● **What is being asked**:
Where does the word "person" appear in the entries below? Copy each line that holds it.

++++++++

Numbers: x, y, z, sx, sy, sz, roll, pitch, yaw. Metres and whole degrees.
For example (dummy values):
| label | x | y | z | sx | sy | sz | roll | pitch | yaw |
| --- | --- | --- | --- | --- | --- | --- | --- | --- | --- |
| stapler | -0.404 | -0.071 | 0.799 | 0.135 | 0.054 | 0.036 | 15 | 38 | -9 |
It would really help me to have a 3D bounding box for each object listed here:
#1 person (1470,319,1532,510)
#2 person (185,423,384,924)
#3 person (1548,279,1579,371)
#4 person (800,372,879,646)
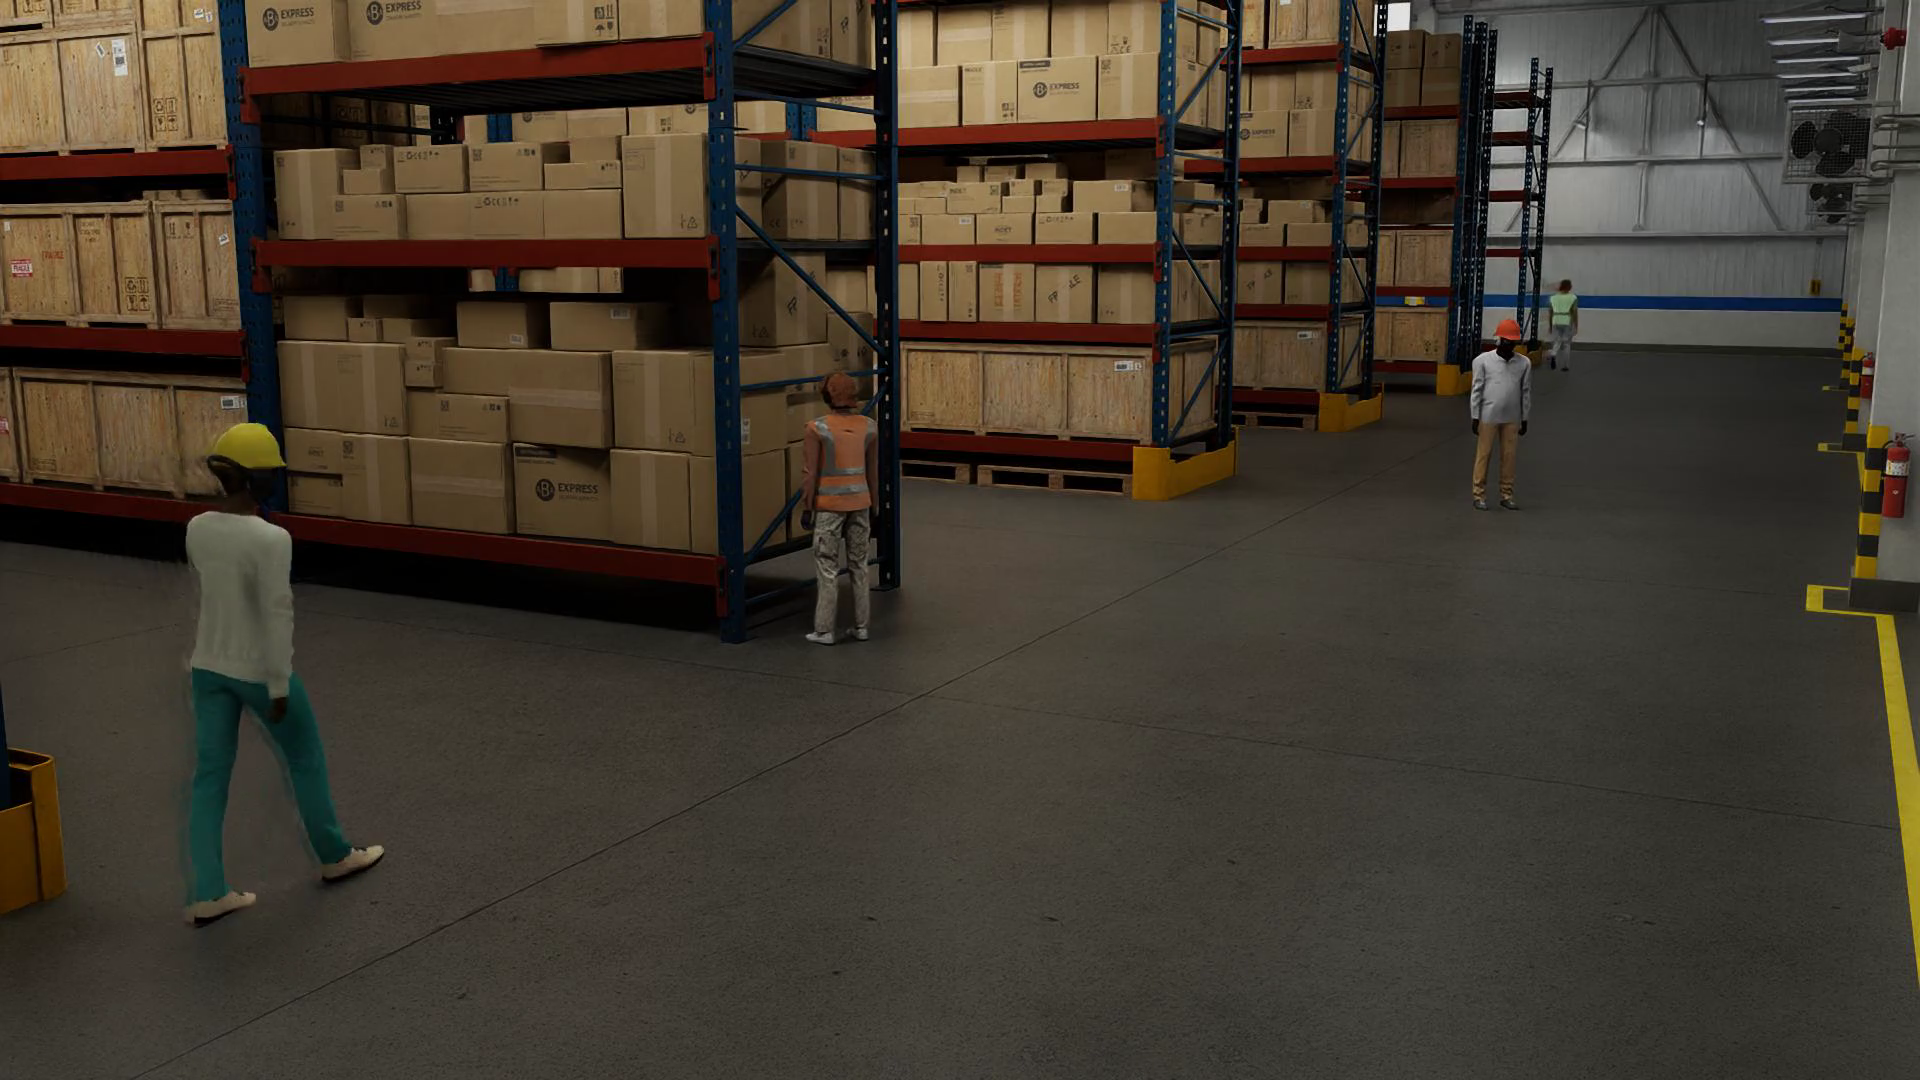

++++++++

● **Solution for this exercise**:
#1 person (1470,319,1532,510)
#2 person (185,423,384,924)
#3 person (1548,279,1579,371)
#4 person (800,372,879,646)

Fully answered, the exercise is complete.